This section appears to impose strict liability on a
fiduciary who makes a disbursement which leaves the estate with
insufficient funds with which to pay a debt owed to the United
States. However, courts have long departed from such a rigid
interpretation. "[I]t has long been held that a fiduciary is
liable only if it had notice of the claim of the United States
before making the distribution." Want v. Commissioner, 280 F.2d
777, 783 (2d Cir. 1960); see also Leigh v. Commissioner, 72 T.C.
1105, 1109 (1979). Whether the fiduciary had notice is
determined by whether the executor knew or was chargeable with
knowledge of the debt. "The knowledge requirement of 31 U.S.C.
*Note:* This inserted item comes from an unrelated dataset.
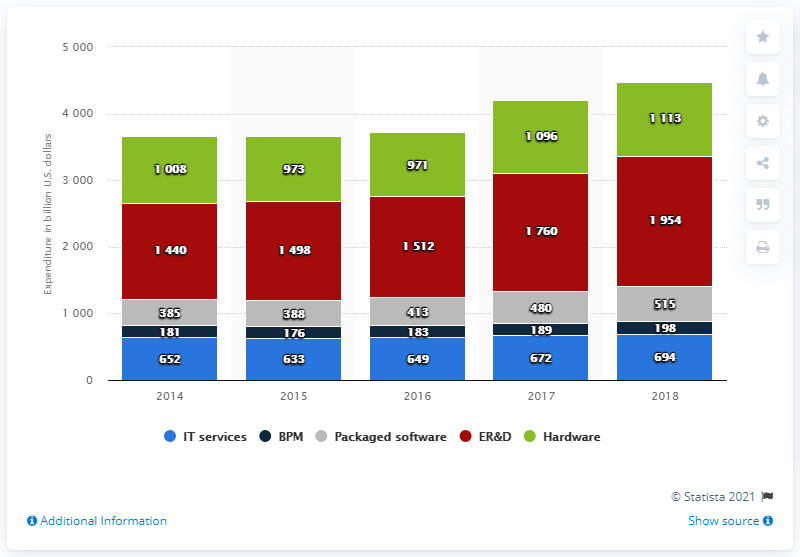Mention a couple of crucial points in this snapshot. In 2018, the global amount spent on business process management was 198.... In 2018, the market size of IT services was approximately 694... In 2014, the total market size of information technology was approximately 3666.

sec. 192 [now 31 U.S.C. sec. 3713] may be satisfied by either
actual knowledge of the liability or notice of such facts as
would put a reasonably prudent person on inquiry as to the
existence of the unpaid claim of the United States." Leigh v.
Commissioner, supra at 1110 (citing Irving Trust Co. v.
Commissioner, 36 B.T.A. 146 (1937); Livingston v. Becker, 40 F.2d
673 (E.D. Mo. 1929)). To be chargeable with knowledge of such a
debt, the executor must be in possession of such facts as to "put
him on inquiry." New v. Commissioner, 48 T.C. 671, 676 (1967).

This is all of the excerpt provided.